Tributação: Ganha força na Justiça de São Paulo a tese de que SVA não paga ISS

A tributação de serviços de valor adicionado (SVA) em telefonia celular provoca dúvidas em contadores, tributaristas e fiscais no Brasil inteiro. Desde 2003, por uma decisão do Superior Tribunal de Justiça (STJ), é consenso que os SVAs não precisam pagar ICMS, porque não seriam serviços de telecomunicações. Restou a dúvida sobre o pagamento de ISS. Falta um entendimento sobre a classificação dos SVAs na lista de serviços que devem recolher esse imposto municipal. Há empresas que recolhem como software, outras como processamento de dados e até como locação de bens móveis, dependendo da estratégia tributária de cada uma, pois cada prefeitura tem liberdade para definir alíquotas diferentes para os serviços. Porém, aos poucos, tem ganhado força na justiça de São Paulo a tese de que SVAs não devem pagar nem ICMS e nem ISS. Já são três decisões nesse sentido, duas em segunda instância e outra em primeira, a favor das empresas TWW, Verisoft e Movile. Essas vitórias abrem caminho para outras empresas de SVA tentarem o mesmo.

Embora o assunto seja complexo, a tese é simples de explicar. Em 2003, foi aprovada a Lei Complementar 116, que definiu quais serviços estão sujeitos à cobrança de ISS. Originalmente, os SVAs constavam da lista no projeto de lei, mas, em plenário, acabaram sendo retirados. Se não estão na lei, logo, não podem ser taxados com ISS. “Em resumo, SVA é um serviço que não é tributado porque o Congresso decidiu assim”, resume Rafael Pellon, advogado e sócio do escritório FAS Advogados, que representa a Movile e a Verisoft nessas ações.

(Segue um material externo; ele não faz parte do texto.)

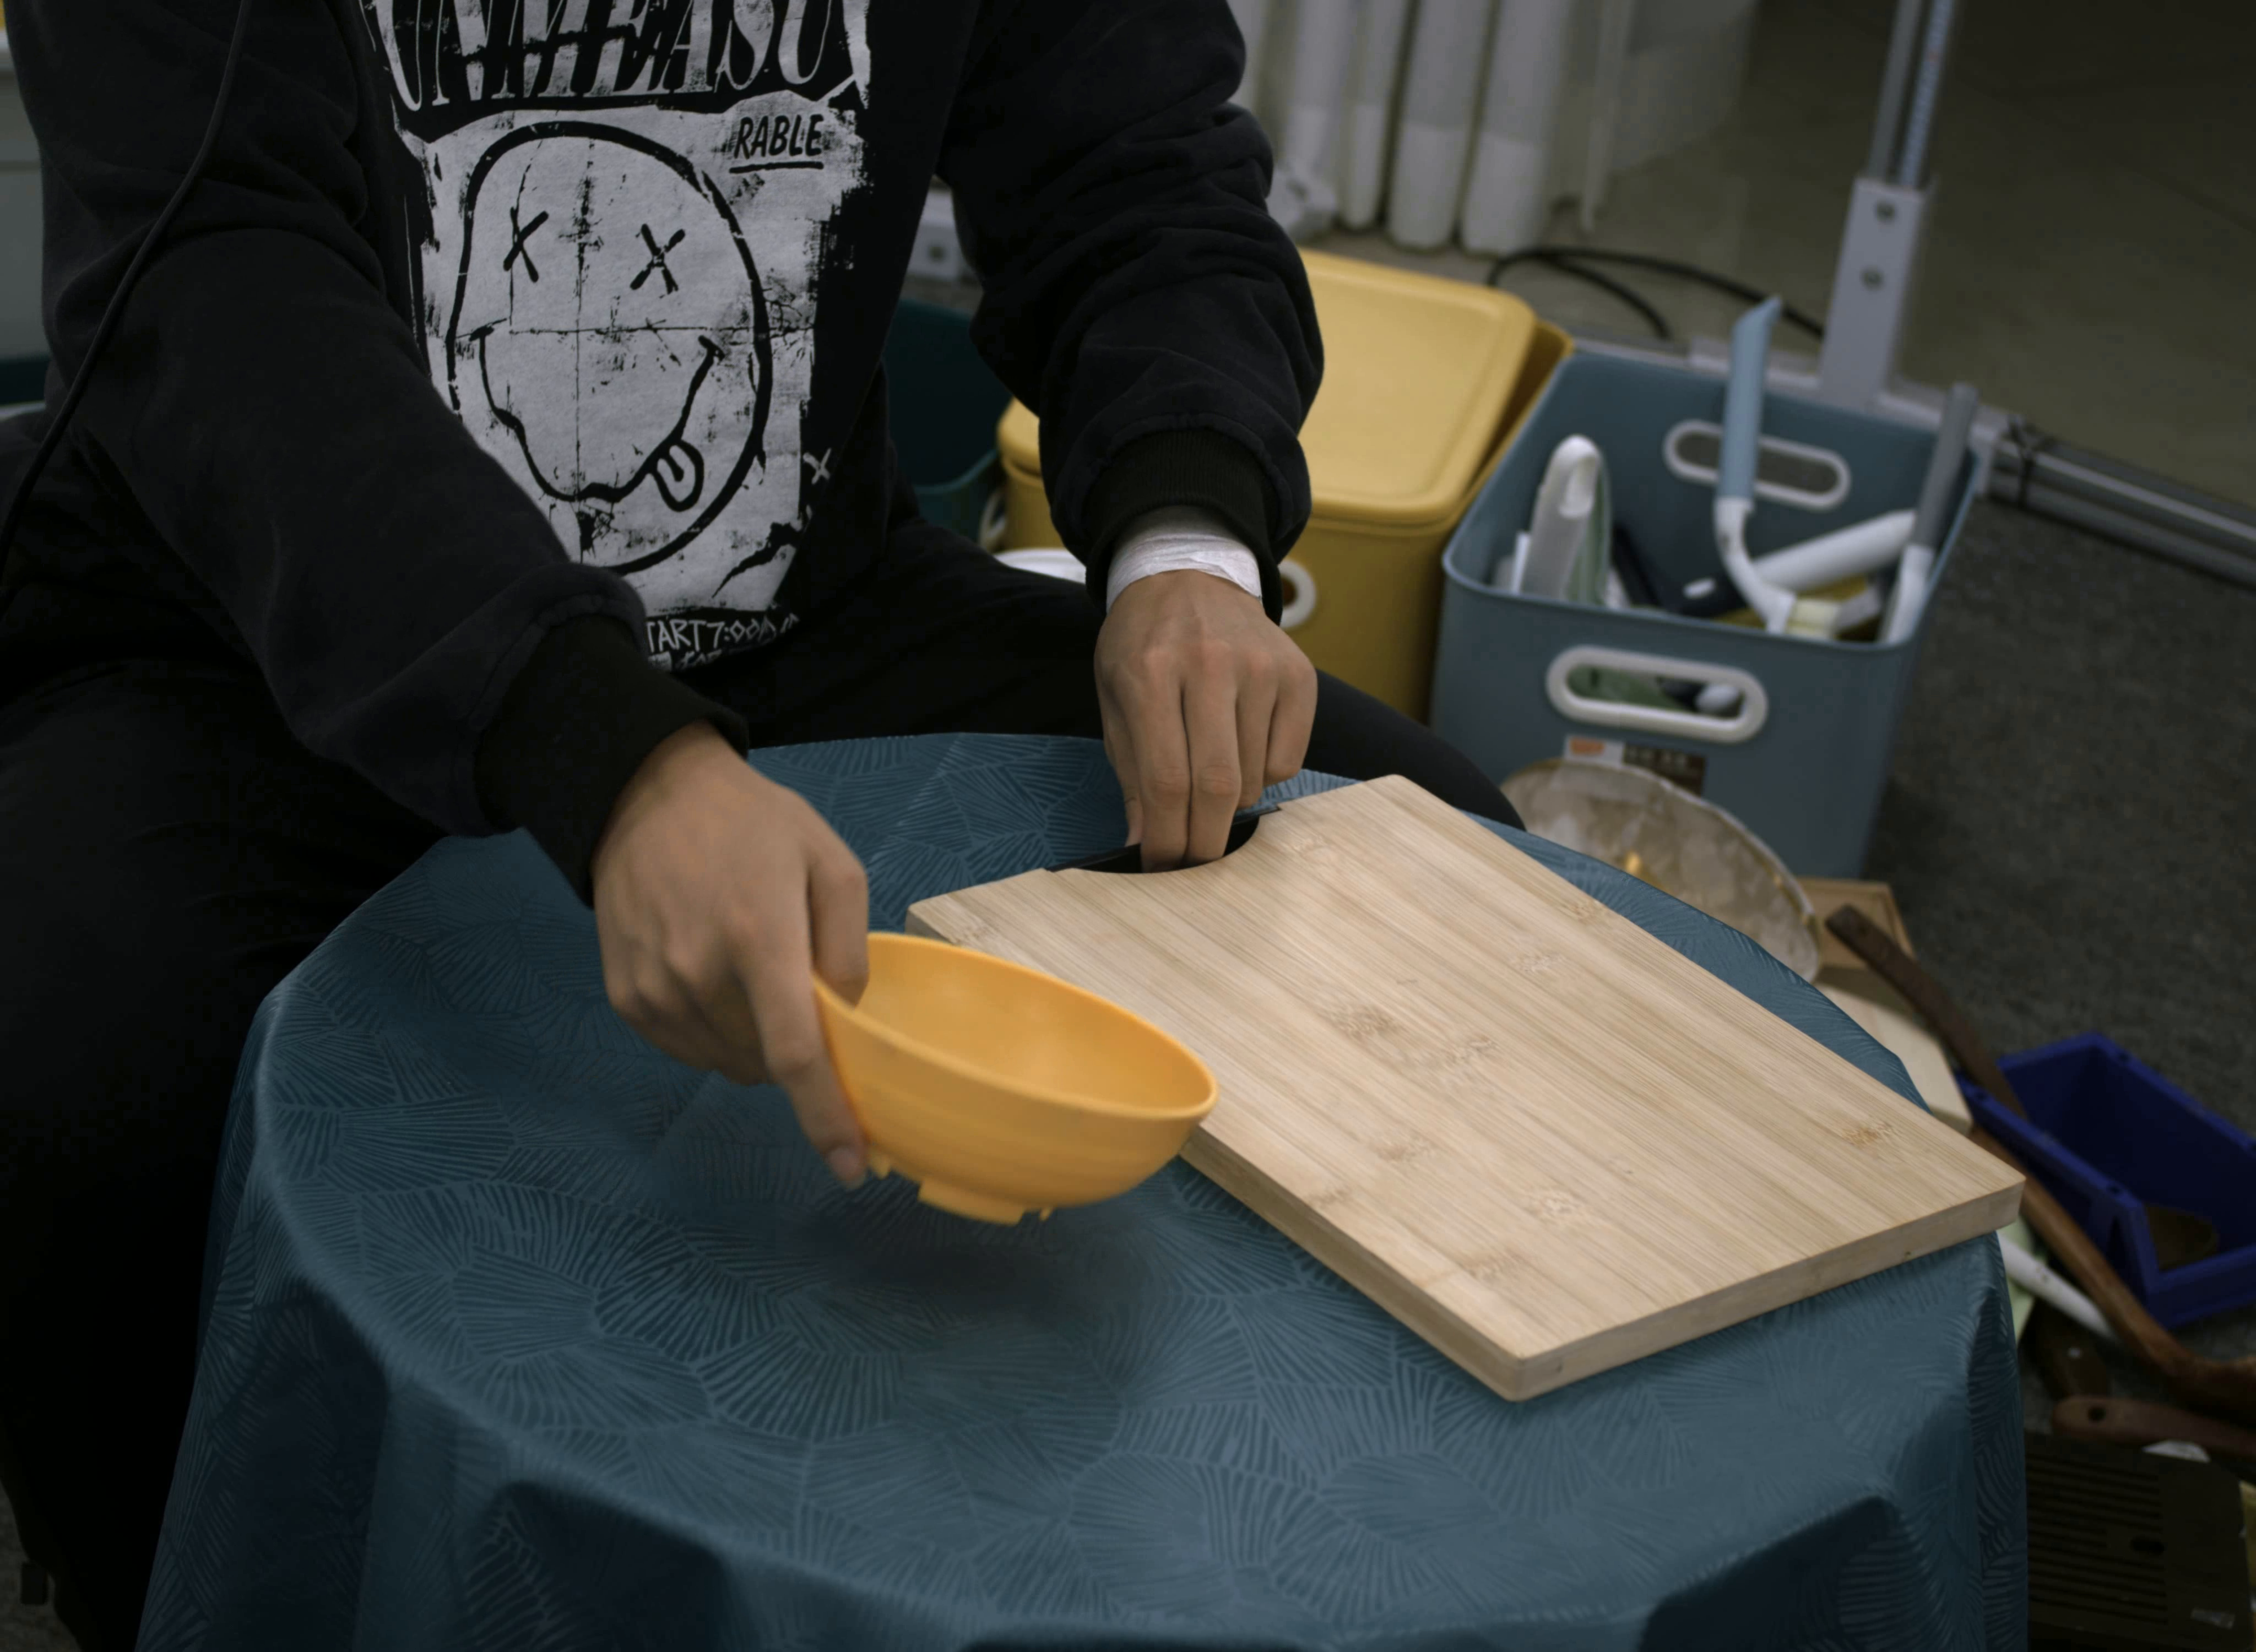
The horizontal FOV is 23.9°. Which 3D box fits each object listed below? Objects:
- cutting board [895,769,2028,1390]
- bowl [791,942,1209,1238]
[{"bbox_3d":[0.113,0.082,1.890,0.249,0.023,0.351,-15,34,-37],"label":"cutting board"},{"bbox_3d":[-0.050,0.094,1.741,0.145,0.060,0.146,19,12,-5],"label":"bowl"}]

Os únicos impostos que incidem sobre SVAs seriam, portanto, aqueles federais: imposto de renda, PIS, Cofins e CSLL.

Cabe ressaltar que há diversos tipos de SVAs. E as decisões da justiça paulista se referem especificamente àqueles prestados pelas empresas que ajuizaram as ações. TWW e Movile, por exemplo, estão isentas de ISS sobre SMS corporativo. E a Verisoft, de conteúdo por SMS. Enquanto isso, para diversos outros SVAs, segue a dúvida. “A verdade é que ninguém sabe o que é o SVA e tentam encaixar um triângulo dentro de um quadrado”, compara o advogado.

O próximo passo natural é que a prefeitura de São Paulo recorra ao STJ. Este precisará primeiro analisar se cabe mesmo recurso, ou se o processo deve transitar em julgado com a decisão de segunda instância. Essa avaliação costuma levar entre oito meses e um ano. Uma eventual decisão do STJ a favor das empresas pode passar a ter validade nacional para todos aqueles que vendem SVAs. “Se o STJ quiser discutir o tema, poderá decidir para o Brasil inteiro. Se considerar o assunto importante, passa a valer para todos e o tema ficará pacificado”, comenta Pellon.

Se forem vitoriosas, as empresas que moveram as ações, além de deixarem de pagar ISS, vão poder receber de volta tudo o que recolheram nos últimos cinco anos para esse imposto.